|Book of the Month|
|Big Grammar Book
101 Worksheets for English Lessons
Author: Matt Purland
This is almost as it says on the cover - a book full of worksheets for students who need to practice grammar. We say 'almost' because some of the exercises, useful as they are, are not strictly grammar. For example worksheets 1-3 are about writing the alphabet - very useful for beginner students, especially those EFL students who use a different type of script, but not really grammar. Nor, come to that, is the next exercise, which is 'Completing forms'. On the other hand, in another way the book is exactly as it says on the cover, because the contents are worksheets, worksheets and more worksheets. There are no explanations and no teaching, no pictures and no games, crosswords or other types of exercise. In short, this is a book of 101 worksheets - although these include some vocabulary and other material (ordinal numbers for example). One very useful attribute of the book is that the contents are public domain, so a teacher can print out the worksheets for a class without worrying about copyright. Also, the book is apparently laid out with this in mind, so everything is black and white text which should not confuse even the most simple-minded printer.

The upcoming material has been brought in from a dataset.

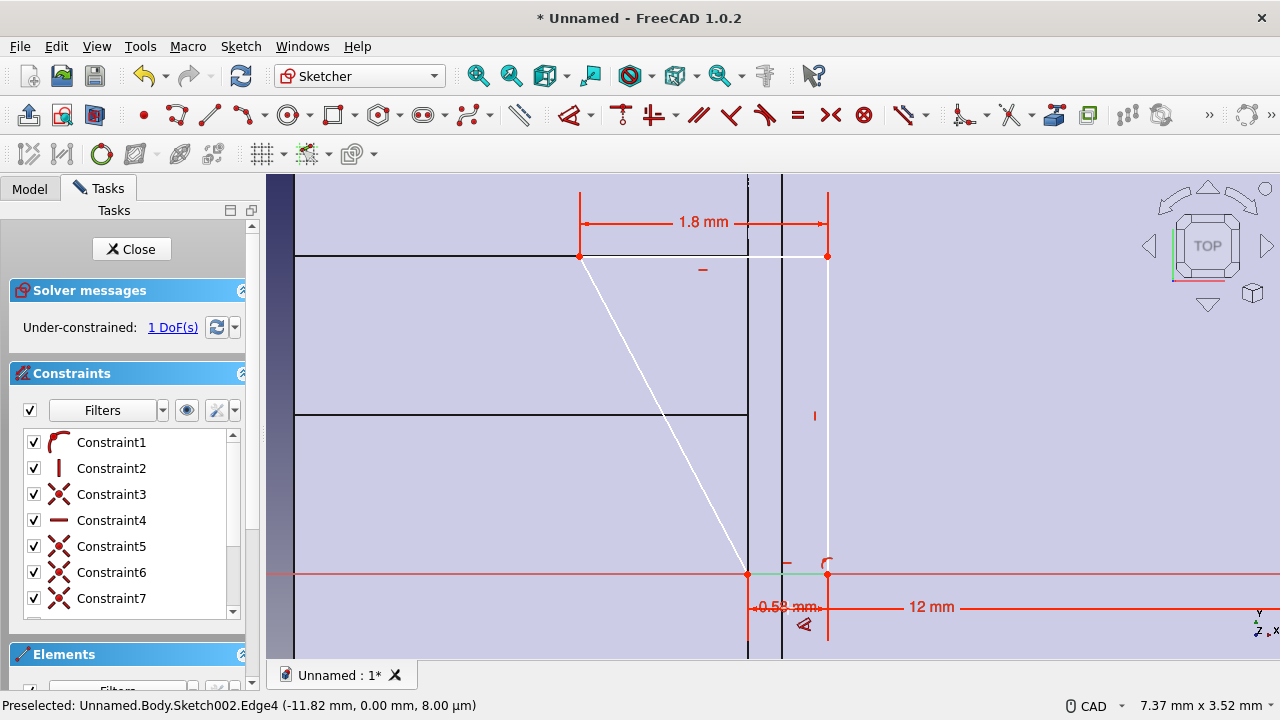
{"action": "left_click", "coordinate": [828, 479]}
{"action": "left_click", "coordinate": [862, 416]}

The book is 116 pages long in the text version. There is also a Kindle version available at a considerably lower price, though the text version is probably better for those who plan on using it for photocopying. Apart from the start and finish the book is worksheets throughout. The start is an introduction to the book, and also - reasonably enough, given the low price of the Kindle version - a promotion for the author's website; englishbanana.com. (No, we don't know about the 'banana' part either.) The back part of the book is taken up with the answers, which go on for several pages. There is no appendix, and one is not really necessary.

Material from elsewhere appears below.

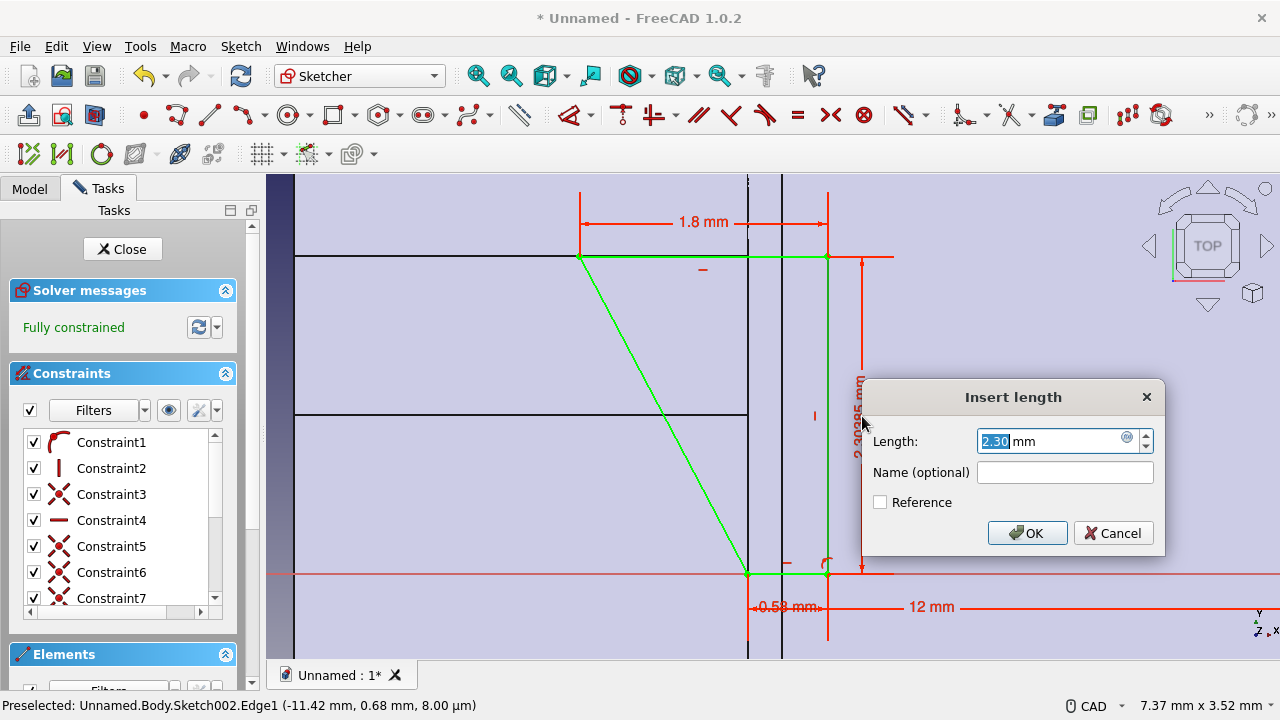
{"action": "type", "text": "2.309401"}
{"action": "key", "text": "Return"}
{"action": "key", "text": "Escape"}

The book is divided into four parts, and an individual student will probably find only one part of the book useful at any given time. This is because there is quite a learning curve between the parts. We go from learning to write the letter 'a' in worksheet #1 of the first part all the way to homophones and zero conditionals by worksheet #86 in the fourth, (though the 'worksheets' for the conditional appear rather to be lists of examples). The other worksheets are mostly the standard format of gap fills, re-writing sentences or changing words into the proper grammatical form. All standard stuff, and again no bad thing if the worksheets are being used to prepare students for ESOL exams which use these forms of test.

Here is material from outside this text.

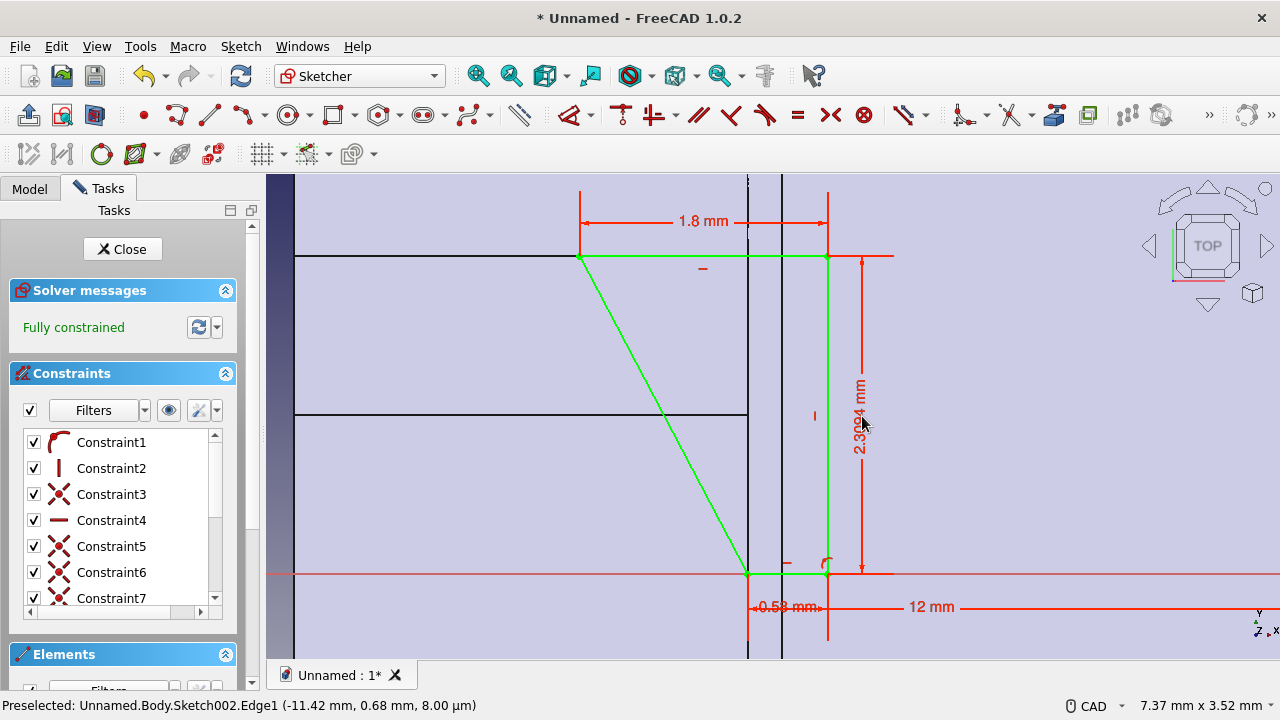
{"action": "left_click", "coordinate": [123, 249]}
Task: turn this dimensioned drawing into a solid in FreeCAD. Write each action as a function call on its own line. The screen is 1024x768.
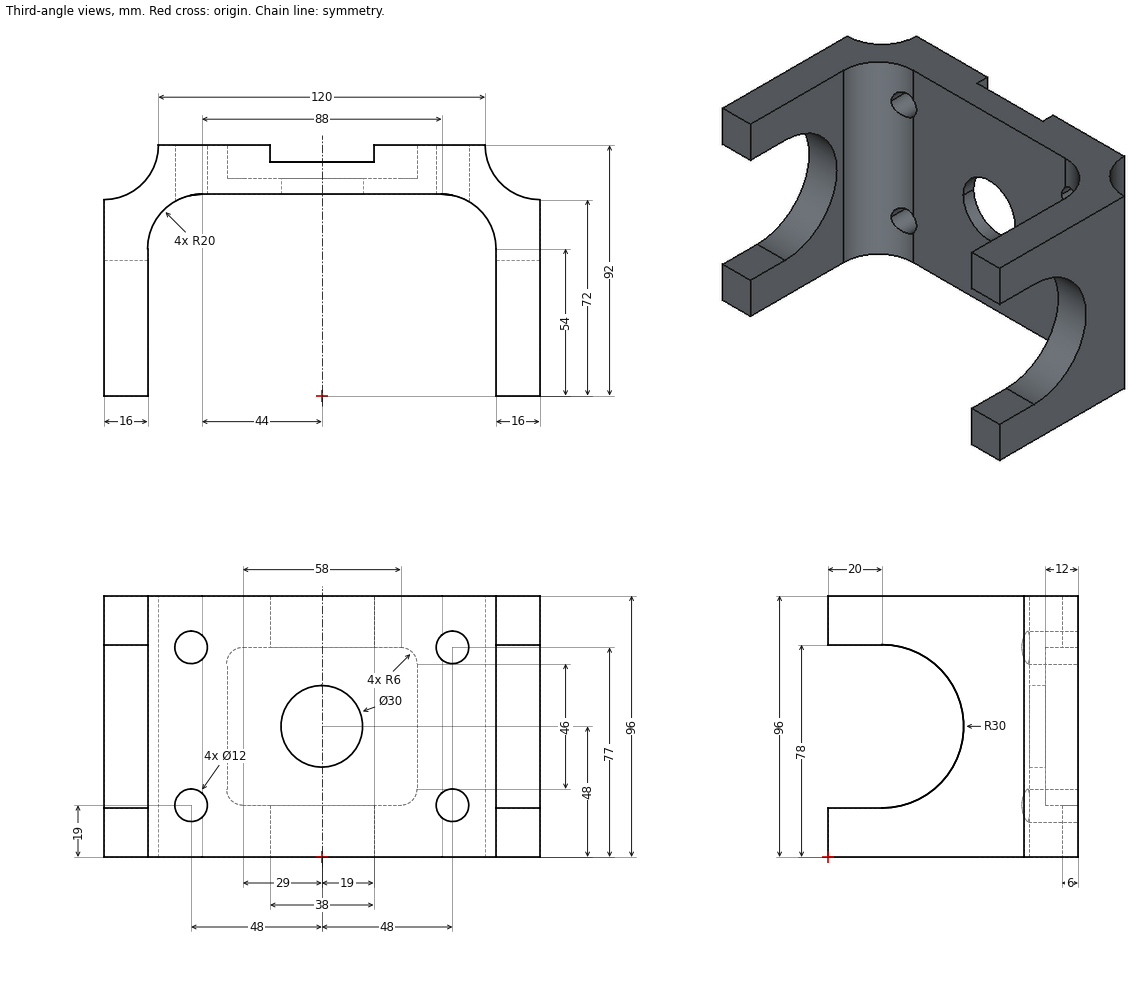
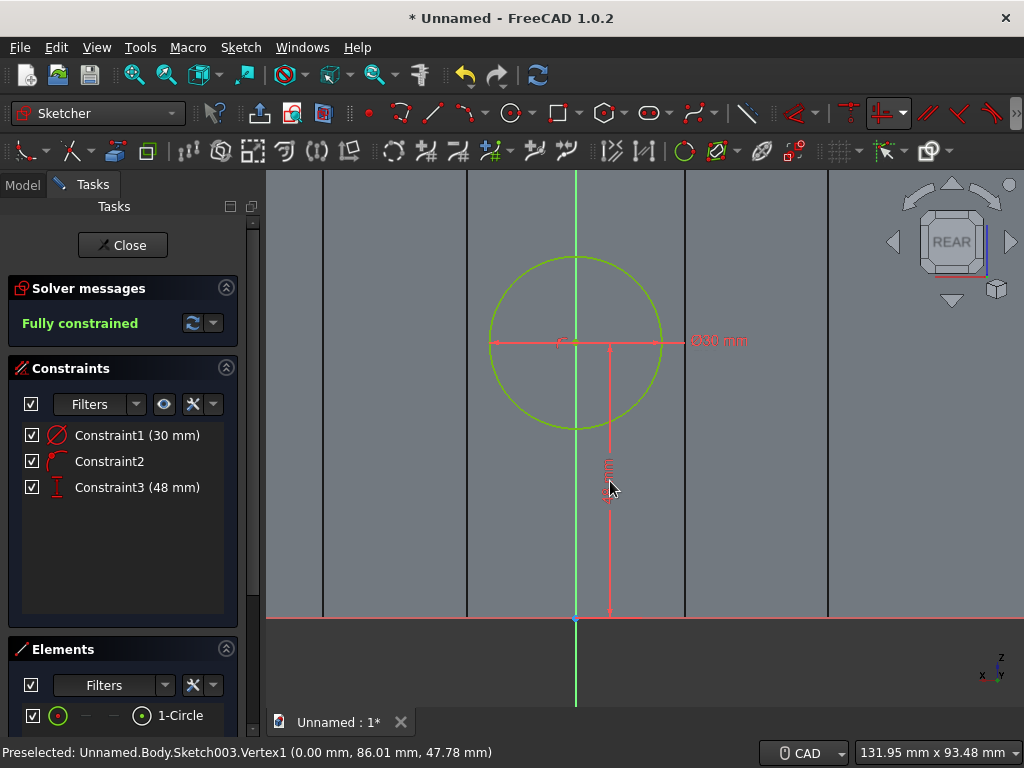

Who is this book for? Though the author says that individual students can use this book, the word 'lessons' in the title tells us that the book is primarily aimed at teachers who teach different levels of EFL students, or as a resource for teachers at an EFL school. Therefore, if you are a teacher looking for worksheets which will keep a class busy practising a particular type of grammar for around 45 minutes (including discussion of the answers)then this book does the job exactly.